Research Question:

Is there a relationship between Sex and Survival?


Simple model:

model1 <- glm(Survived ~ Sex, family=binomial(link='logit'), data=data)
model1$coefficients


Detecting Confounding Variables

Example: Is Age a confounder of Sex?

Example: Is Pclass a confounder of Sex?

Let’s settle on considering Pclass a confounding variable and include it in the model alongside Sex.

More analysis is needed though…


Bivariate Association Analysis

Let’s check the bivariate associations between Pclass and Sex and between Pclass and Survived to see if the theory is supported by the data.

Given that both are categorical variables we must use a Chi-square test. This test allows us to determine whether there is a statistically significant difference between the expected frequencies and the observed frequencies of the relevant contingency tables:

table(Pclass, Sex)
chisq.test(Pclass, Sex)
table(Pclass, Survived)
chisq.test(Pclass, Survived)

Interpretation of the above outputs: Given that in both cases p<0.5, Pclass is significantly associated with both Sex and Survived, thus the variable seems to meet the definition of a confounding variable.


Greater than 10% change in x1 coefficient?

Now let’[s addd Pclass to the model:

model2 <- glm(Survived ~ Sex + Pclass, family=binomial(link='logit'), data=data)
model2$coefficients

The coefficient of Sexmale does not change much (only 5%) which suggests that Pclass is not confounder. This contradicts the previous finding.


Is the model better when we include the confounding variable?


The residual deviance of the model that includes Pclass is lower. Based on this we can reject \(H_0\) that there is no difference betwwen full and reduced model i.e. that the full model is not significantly better than the reduced model. Thus we conclude that we have evidence to support \(H_a\) that the model that includes Pclass is significantly better. This is confirmed by the ‘lrtest()’ function below:

lrtest(model1, model2)
#??lr.test

So, keep it or not? It depends…Keep Pclass for now….


Assessing Collinearity

Let’s look at adding collinear variables AgeGroup and AgeGroup2029.

We will assess which one is better by looking at AIC. Not that we don’t simply model say Survived and AgeGroup but rather look at how their respective additions to the existing model impact the results.

model3 <- glm(Survived ~ Sex + Pclass + AgeGroup, family=binomial(link='logit'), data=data)

model4 <- glm(Survived ~ Sex + Pclass + AgeGroup2029, family=binomial(link='logit'), data=data)

AIC for model with AgeGroup: 965.929 AIC for model with AgeGroup2029: 965.929

AIC is slightly lower for the model with *AgeGroup** so moving forward the model will include Sex, Pclass, AgeGroup explanatory variables.

careful, this only temporary, AgeGroup results in missing data.


Assess Interaction via Likelihood Ratio Test

If some variable does not meet the criteria of a confounder, it could still be an effect modifier!

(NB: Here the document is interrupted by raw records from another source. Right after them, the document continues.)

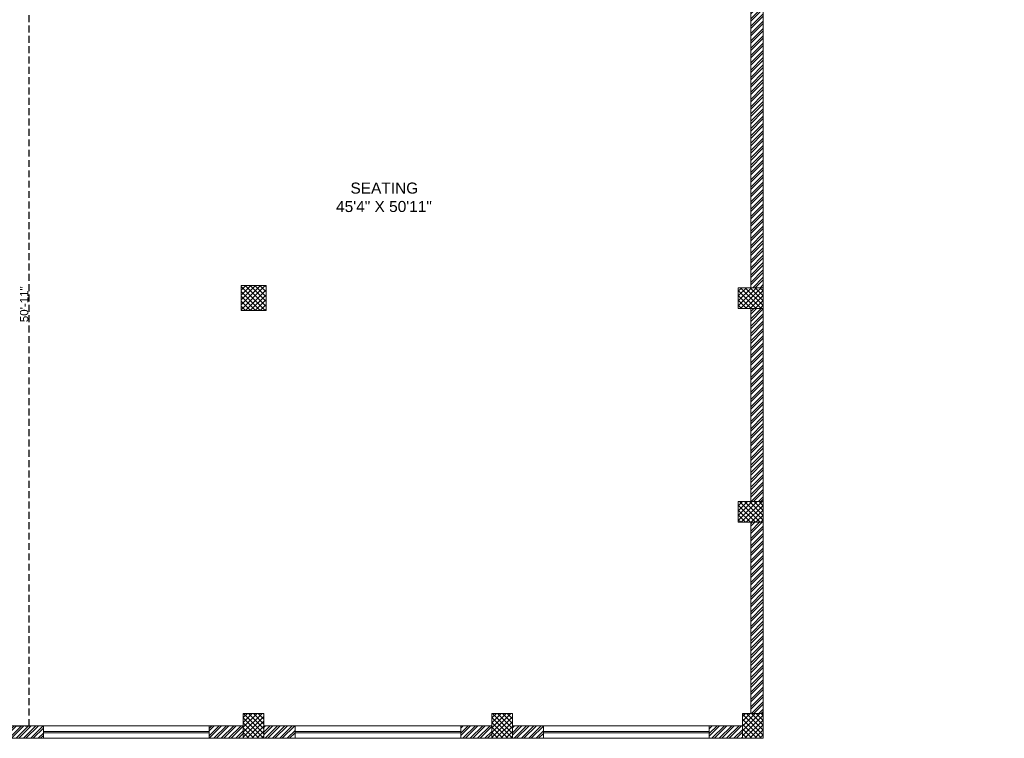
# Model space of a CAD drawing. Header units: inches. Extents: x 113025 to 158499, y 12149 to 30915.
# Tile 33 of 167: x 123986 to 124699, y 20655 to 21175. Entities that reach past the tile are written whole.
import ezdxf

# ---------------------------------------------------------------- set-up
doc = ezdxf.new("R2010")
doc.units = ezdxf.units.IN
doc.header["$MEASUREMENT"] = 0
doc.header["$PDMODE"] = 34
doc.linetypes.add('AP0200000$0$AP0500G00$0$1', pattern=[0])
doc.linetypes.add('HIDDEN', pattern=[0.375, 0.25, -0.125])
for name, color, linetype, lineweight in [('00-ABM  CWS', 200, 'AP0200000$0$AP0500G00$0$1', 0), ('PD_BRICK WALL_115', 134, 'Continuous', 30), ('PD_COLUMN', 2, 'Continuous', 60), ('PD_HATCH', 45, 'Continuous', 9), ('PD_WINDOW', 140, 'Continuous', 25), ('PP-Waste Pipe', 3, 'Continuous', 25)]:
    doc.layers.add(name, color=color, linetype=linetype, lineweight=lineweight)
doc.layers.add('PD_025_TEXT', color=61, linetype='Continuous')
doc.layers.add('PD_DIMENSION', color=101, linetype='Continuous')
doc.styles.add('DIM_FONT', font='times.ttf', dxfattribs={"width": 0.8})
doc.styles.get("Standard").update_dxf_attribs({"font": 'arial.ttf', "height": 6})
doc.styles.add('style1', font='arial.ttf', dxfattribs={"height": 500})
doc.dimstyles.new('ISO-10', dxfattribs={"dimtxt": 6, "dimasz": 0.5, "dimexe": 1.25, "dimexo": 0.625, "dimtad": 1, "dimtoh": 1, "dimdec": 1, "dimlunit": 4, "dimtxsty": 'Standard', "dimblk": 'ARCHTICK', "dimcen": 2.5, "dimclrt": 3, "dimadec": 0, "dimazin": 0, "dimtfac": 1, "dimtdec": 1, "dimtmove": 1, "dimatfit": 3, "dimfxl": 1, "dimarcsym": 0})
pattern_1 = [(45, (144327.2833, 25769.4912), (-1.767766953, 1.767766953), []), (135, (144327.2833, 25769.4912), (-1.767766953, -1.767766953), [])]

# ---------------------------------------------------------------- blocks, each defined once
blk = doc.blocks.new('zw$F51A')
at = {"layer": '00-ABM  CWS', "color": 20, "lineweight": -3, "insert": (-1356.3, -635.6), "char_height": 125, "attachment_point": 1, "style": 'DIM_FONT'}
blk.add_mtext_dynamic_manual_height_columns('\\pi297.92;WATER METER DETAIL "A" \\P\\pi686.6;ENLARGE VIEW', width=2480.259, gutter_width=750, heights=[0], dxfattribs=at)
blk = doc.blocks.new('_ArchTick')
at = {"color": 0, "linetype": 'ByBlock', "const_width": 0.15}
blk.add_lwpolyline([(-0.5, -0.5), (0.5, 0.5)], dxfattribs=at)
blk = doc.blocks.new('*D709')
at = {"layer": 'Defpoints', "color": 0, "transparency": 16777216}
for p in [(-531.45, -328), (-530.19, -328), (-561, -939)]:
    blk.add_point(p, dxfattribs=at)
at = {"layer": 'PD_DIMENSION', "color": 0, "linetype": 'HIDDEN', "lineweight": -2, "ltscale": 20, "transparency": 16777216}
for p, q in [((-530.81, -328), (-532.7, -328)), ((-531.45, -939), (-531.45, -328)), ((-556.85, -939), (-530.2, -939))]:
    blk.add_line(p, q, dxfattribs=at)
at = {"layer": 'PD_DIMENSION', "color": 0, "lineweight": -2, "transparency": 16777216, "xscale": 0.5, "yscale": 0.5, "zscale": 0.5}
for p, rotation in [((-531.45, -328), 90), ((-531.45, -939), 270)]:
    blk.add_blockref('_ArchTick', p, dxfattribs=dict(at, rotation=rotation))
at = {"layer": 'PD_DIMENSION', "color": 3, "lineweight": 5, "transparency": 16777216, "insert": (-535.14, -633.5), "char_height": 6, "attachment_point": 5, "rotation": 90}
blk.add_mtext('50\'-11"', dxfattribs=at)
blk = doc.blocks.new('FIRST FLOOR PLAN 0')
at = {"layer": 'PD_HATCH', "lineweight": 5}
h = blk.add_hatch(dxfattribs=at)
h.set_pattern_fill('ANSI32', color=251, scale=10)
h.set_pattern_definition([(45, (-1110.15, -834.2493), (-2.65165, 2.65165), []), (45, (-1108.3824, -834.2493), (-2.65165, 2.65165), [])])
h.paths.add_polyline_path([(-1107, -791.5), (-1116, -791.5), (-1116, -873), (-1107, -873)])
h.paths.add_polyline_path([(-745.5, -939), (-915, -939), (-915, -948), (-745.5, -948)])
h.paths.add_polyline_path([(-561, -939), (-730.5, -939), (-730.5, -948), (-561, -948)])
h.paths.add_polyline_path([(-1107, -75), (-1116, -75), (-1116, -156.5), (-1107, -156.5)])
h.paths.add_polyline_path([(-1107, -171.5), (-1116, -171.5), (-1116, -311.5), (-1107, -311.5)])
h.paths.add_polyline_path([(-1107, -326.5), (-1116, -326.5), (-1116, -466.5), (-1107, -466.5)])
h.paths.add_polyline_path([(-1107, -481.5), (-1116, -481.5), (-1116, -621.5), (-1107, -621.5)])
h.paths.add_polyline_path([(-1107, -636.5), (-1116, -636.5), (-1116, -776.5), (-1107, -776.5)])
h.paths.add_polyline_path([(-15, 0), (-181.5, 0), (-181.5, -9), (-15, -9)])
h.paths.add_polyline_path([(-196.5, 0), (-361.5, 0), (-361.5, -9), (-196.5, -9)])
h.paths.add_polyline_path([(-376.5, 0), (-546, 0), (-546, -9), (-376.5, -9)])
h.paths.add_polyline_path([(-561, 0), (-730.5, 0), (-730.5, -9), (-561, -9)])
h.paths.add_polyline_path([(-930, 0), (-1041, 0), (-1041, -9), (-930, -9)])
h.paths.add_polyline_path([(-1056, 0), (-1116, 0), (-1116, -60), (-1107, -60), (-1107, -9), (-1056, -9)])
h.paths.add_polyline_path([(-1107, -888), (-1116, -888), (-1116, -948), (-1056, -948), (-1056, -939), (-1107, -939)])
h.paths.add_polyline_path([(-930, -939), (-1041, -939), (-1041, -948), (-930, -948)])
h.paths.add_polyline_path([(-521.25, -939), (-546, -939), (-546, -948), (-521.25, -948)])
h.paths.add_polyline_path([(-376.5, -939), (-401.25, -939), (-401.25, -948), (-376.5, -948)])
h.paths.add_polyline_path([(-339, -939), (-361.5, -939), (-361.5, -948), (-339, -948)])
h.paths.add_polyline_path([(-196.5, -939), (-219, -939), (-219, -948), (-196.5, -948)])
h.paths.add_polyline_path([(-159, -939), (-181.5, -939), (-181.5, -948), (-159, -948)])
h.paths.add_polyline_path([(-15, -939), (-39, -939), (-39, -948), (-15, -948)])
h.paths.add_polyline_path([(0, -930), (-9, -930)])
h.paths.add_polyline_path([(0, -791.5), (-9, -791.5), (-9, -930), (0, -930)])
h.paths.add_polyline_path([(0, -636.5), (-9, -636.5), (-9, -776.5), (0, -776.5)])
h.paths.add_polyline_path([(0, -326.5), (-9, -326.5), (-9, -621.5), (0, -621.5)])
h.paths.add_polyline_path([(0, -18), (-9, -18), (-9, -156.5), (0, -156.5)])
h.paths.add_polyline_path([(-18, -159.5), (-123, -159.5), (-123, -168.5), (-18, -168.5)])
h.paths.add_polyline_path([(-123, -171.5), (-132, -171.5), (-132, -249.5), (-123, -249.5)])
h.paths.add_polyline_path([(-132, -159.5), (-204, -159.5), (-204, -168.5), (-132, -168.5)])
h.paths.add_polyline_path([(-204, -171.5), (-213, -171.5), (-213, -249.5), (-204, -249.5)])
h.paths.add_polyline_path([(-213, -159.5), (-294, -159.5), (-294, -261.5), (-267, -261.5), (-267, -252.5), (-285, -252.5), (-285, -168.5), (-213, -168.5)])
h.paths.add_polyline_path([(-213, -252.5), (-231, -252.5), (-231, -261.5), (-213, -261.5)], flags=17)
h.paths.add_polyline_path([(-186, -252.5), (-204, -252.5), (-204, -261.5), (-186, -261.5)])
h.paths.add_polyline_path([(-132, -252.5), (-150, -252.5), (-150, -261.5), (-132, -261.5)])
h.paths.add_polyline_path([(-123, -261.5), (-132, -261.5), (-132, -324.5), (-123, -324.5)])
h.paths.add_polyline_path([(0, -310.5), (-9, -310.5), (-9, -311.5), (0, -311.5)])
h.paths.add_polyline_path([(0, -171.5), (-9, -171.5), (-9, -190.5), (0, -190.5)])
h.paths.add_polyline_path([(-878.25, -9), (-878.25, 0), (-915, 0), (-915, -9)])
h.paths.add_polyline_path([(-782.25, 0), (-782.25, -9), (-745.5, -9), (-745.5, 0)])
h = blk.add_hatch(dxfattribs=at)
h.set_pattern_fill('ANSI37', color=251, scale=20)
h.set_pattern_definition(pattern_1)
h.paths.add_polyline_path([(-360, -638), (-360, -620), (-378, -620), (-378, -638)])
h = blk.add_hatch(dxfattribs=at)
h.set_pattern_fill('ANSI37', color=251, scale=20)
h.set_pattern_definition(pattern_1)
h.paths.add_polyline_path([(0, -621.5), (0, -636.5), (-18, -636.5), (-18, -621.5)])
h = blk.add_hatch(dxfattribs=at)
h.set_pattern_fill('ANSI37', color=251, scale=20)
h.set_pattern_definition(pattern_1)
h.paths.add_polyline_path([(0, -791.5), (0, -776.5), (-18, -776.5), (-18, -791.5)])
h = blk.add_hatch(dxfattribs=at)
h.set_pattern_fill('ANSI37', color=251, scale=20)
h.set_pattern_definition(pattern_1)
h.paths.add_polyline_path([(-361.5, -948), (-376.5, -948), (-376.5, -930), (-361.5, -930)])
h = blk.add_hatch(dxfattribs=at)
h.set_pattern_fill('ANSI37', color=251, scale=20)
h.set_pattern_definition(pattern_1)
h.paths.add_polyline_path([(-181.5, -948), (-196.5, -948), (-196.5, -930), (-181.5, -930)])
h = blk.add_hatch(dxfattribs=at)
h.set_pattern_fill('ANSI37', color=251, scale=20)
h.set_pattern_definition(pattern_1)
h.paths.add_polyline_path([(0, -948), (-15, -948), (-15, -930), (0, -930)])
at = {"layer": 'PD_BRICK WALL_115', "color": 251, "lineweight": 5}
for p, q in [((0, -621.5), (0, -310.5)), ((-9, -621.5), (-9, -326.5)), ((-9, -636.5), (-9, -776.5)), ((0, -636.5), (0, -776.5)), ((-9, -791.5), (-9, -930)), ((0, -791.5), (0, -930)), ((-546, -939), (-521.25, -939)), ((-521.25, -939), (-521.25, -948)), ((-401.25, -939), (-376.5, -939)), ((-401.25, -939), (-401.25, -948)), ((-361.5, -939), (-339, -939)), ((-339, -939), (-339, -948)), ((-219, -939), (-196.5, -939)), ((-219, -939), (-219, -948)), ((-181.5, -939), (-159, -939)), ((-159, -939), (-159, -948)), ((-39, -939), (-15, -939)), ((-39, -939), (-39, -948)), ((-546, -948), (-521.25, -948)), ((-401.25, -948), (-339, -948)), ((-219, -948), (-159, -948)), ((-39, -948), (0, -948))]:
    blk.add_line(p, q, dxfattribs=at)
at = {"layer": 'PD_COLUMN', "color": 251, "lineweight": 5}
for points in [[(-360, -638), (-360, -620), (-378, -620), (-378, -638)], [(0, -621.5), (0, -636.5), (-18, -636.5), (-18, -621.5)], [(0, -791.5), (0, -776.5), (-18, -776.5), (-18, -791.5)], [(-361.5, -930), (-376.5, -930), (-376.5, -948), (-361.5, -948)], [(-181.5, -930), (-196.5, -930), (-196.5, -948), (-181.5, -948)], [(0, -930), (-15, -930), (-15, -948), (0, -948)]]:
    blk.add_lwpolyline(points, close=True, dxfattribs=at)
at = {"layer": 'PD_WINDOW', "color": 251, "lineweight": 5}
for p, q in [((-521.25, -939), (-401.25, -939)), ((-339, -939), (-219, -939)), ((-39, -939), (-159, -939)), ((-521.25, -943), (-401.25, -943)), ((-521.25, -944), (-401.25, -944)), ((-521.25, -948), (-401.25, -948)), ((-339, -943), (-219, -943)), ((-339, -944), (-219, -944)), ((-339, -948), (-219, -948)), ((-39, -943), (-159, -943)), ((-39, -944), (-159, -944)), ((-39, -948), (-159, -948))]:
    blk.add_line(p, q, dxfattribs=at)
at = {"layer": 'PD_025_TEXT', "color": 251, "insert": (-356.39, -545.32), "char_height": 8, "width": 162.9076, "attachment_point": 1, "style": 'style1'}
blk.add_mtext('\\pi57.525;SEATING\\P\\pi47.099;45\'4" X 50\'11"', dxfattribs=at)
at = {"layer": 'PD_DIMENSION', "color": 251, "lineweight": 5, "ltscale": 20}
dim = blk.add_linear_dim(base=(-531.45, -328), p1=(-561, -939), p2=(-530.19, -328), angle=90, dimstyle='ISO-10', override={"dimfxl": 25.4, "dimfxlon": 1, "dimarcsym": 1}, dxfattribs=at)
dim.commit()
dim.dimension.update_dxf_attribs({"geometry": '*D709', "text_midpoint": (-535.14, -633.5)})

msp = doc.modelspace()

# ---------------------------------------------------------------- block references
at = {"color": 251}
msp.add_blockref('FIRST FLOOR PLAN 0', (124524.88, 21602.6), dxfattribs=at)
at = {"layer": 'PP-Waste Pipe', "ltscale": 0.25, "xscale": 0.1283047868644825, "yscale": 0.1283047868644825, "zscale": 0.1283047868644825}
msp.add_blockref('zw$F51A', (122263.87, 20875.43), dxfattribs=at)

doc.saveas('drawing.dxf')

Does the effect that \(x1\) has on the odds of \(y\) depend on some other variable \(x2\)? If so then we call the variable \(x2\) an effect modifier

Thus now we try to answer the question:

Does the effect that Sex has on Survived depend on Pclass?

An interaction terms is the multiplication of two variable with each other e.g. Sex * Pclass.

We can use a Likelihood Ratio Test to compare models with and without a \(Sex \times Pclass\) interaction term.

To compare two models we use the anova() function.

model3bis <- glm(Survived ~ Sex + Pclass + AgeGroup + Sex * Pclass, family=binomial(link='logit'), data=data)
anova(model3, model3bis, test='Chisq')

We can see that the p-value is < 0.5 and we reject the null hypothesis that the residual deviance is the same for models that do and do not include the interaction term. The model that includes the interaction term IS significantly better.

This suggests that Pclass is an effect modifier. The effect of Sex on the odds of Survived varies, or differs, depending on Pclass.

There is significant interaction between Sex and Pclass.

This means that we want to report on the effect of Pclass for different Sex categories: anything we say about the effect of Sex on Survived needs to be Pclass-specific.

Can a class be both a confounder and an effect modifier??

model3bis <- glm(Survived ~ Sex + Pclass + AgeGroup + Sex * Pclass, family=binomial(link='logit'), data=data)
summary(model3)
#summary(model3bis)

Note that if the effect modifier was continuous e.g. Age we need to do the calculations for the Pclass-specific odds ratios by hand and assign possible values to compare groups e.g. Age=50, Age=60, etc. Example: \(b_1 + 50 \times (age \times survived interaction term)\) (see video 17:44).

Extra step (comparfed to LR) to make log-odds more interpretable is to compute the odd-ratios by exponentiating the log-odds ratios.